Finally, I share the practical lessons I learned while working with nbdev2, including what worked well and what I would do differently next time.

Different Readers and Different Levels of Prior Knowledge

Different readers have different levels of prior knowledge, so it is hard to write one guide that fits everyone. If the explanations below feel too short or too advanced for you, just copy the URL of this post into an AI assistant like ChatGPT and ask it to walk you through the sections you are not yet comfortable with.

Conceptual View

The core problem: “performance” is ambiguous once cash moves in and out

If a portfolio never receives external cashflows, performance is straightforward. You can compare the start value to the end value, and the percentage change is your return.

As soon as you add external cashflows such as deposits, withdrawals, fees paid out of the account, or taxes paid out of the account, that simple comparison breaks. The reason is simple: the portfolio value now changes for two different reasons, and those reasons are mixed together.

What is an “external cashflow” in this context?
External cashflows are transfers between you and the portfolio account. Typical examples are deposits and withdrawals. Fees and taxes belong here if they leave the account and reduce the portfolio value. By contrast, trades inside the portfolio are not external cashflows. Buying and selling assets, reinvesting dividends, and daily price changes are internal activity and should be reflected in the valuation, not recorded as external cashflows. This distinction matters because TWR and MWR treat external cashflows in a special way, but they assume that internal activity is already included in the portfolio value.

A deposit increases the portfolio value even if the strategy did nothing. A withdrawal decreases the portfolio value even if the strategy did nothing. Most importantly, the timing of deposits and withdrawals can change the outcome for you as an investor, even if the strategy produces the same percentage returns.
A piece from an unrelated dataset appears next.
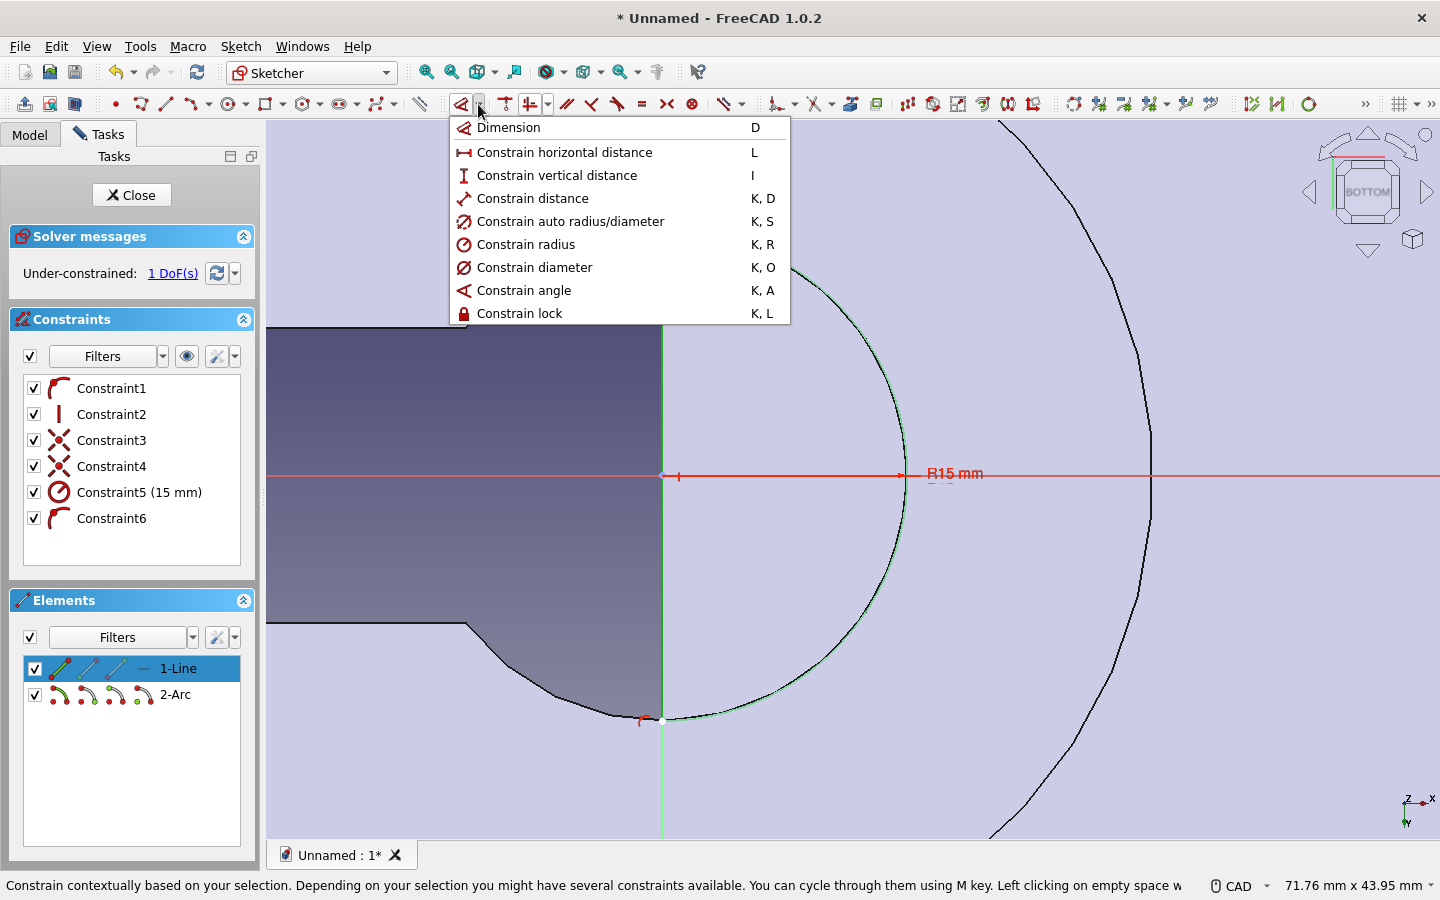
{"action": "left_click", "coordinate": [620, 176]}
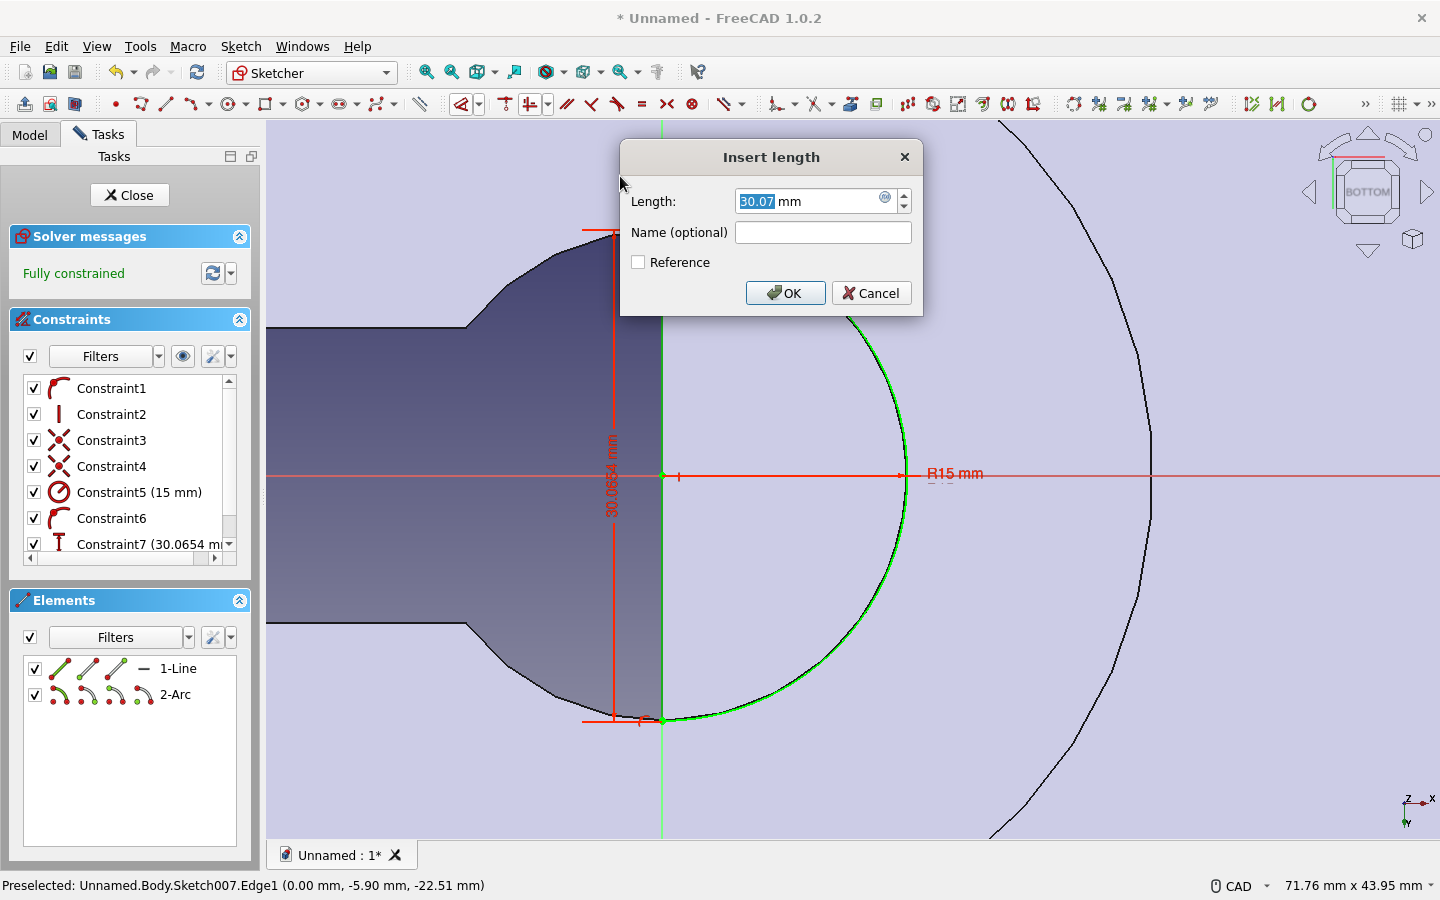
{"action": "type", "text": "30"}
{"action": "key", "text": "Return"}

To make this concrete, imagine your portfolio goes through three periods, and the invested base is not constant because you add and remove cash.

Suppose the strategy produces these percentage returns:

  • In period p1, the strategy return is low.
  • In period p2, the strategy return is high.
  • In period p3, the strategy return is low again.

Now compare two investors who both hold the same strategy, but who choose different moments for deposits and withdrawals.

Situation A: you have a large base during the high return period You deposit a large amount before p2 and you withdraw later. The high return in p2 is applied to a large portfolio value. That creates a large absolute profit.

For example, assume p2 has a +10 percent return:

  • If the base value at the start of p2 is 200,000, then +10 percent means a gain of 20,000.
  • If p1 and p3 are small or flat, the final outcome is still strongly driven by that 20,000 gain.

Situation B: you have a small base during the high return period You deposit later, or you withdraw before p2. Now the same +10 percent return is applied to a smaller portfolio value. The strategy did the same thing, but your absolute profit is much smaller.

  • If the base value at the start of p2 is 50,000, then +10 percent means a gain of only 5,000.

This difference is the key: the strategy return is a percentage, but the investor outcome is money. The money result depends on the percentage return and on the timing of how much capital was invested at what moment.

So the real question becomes: performance relative to what? In other words, what is the right baseline for a percentage return when the baseline changes over time?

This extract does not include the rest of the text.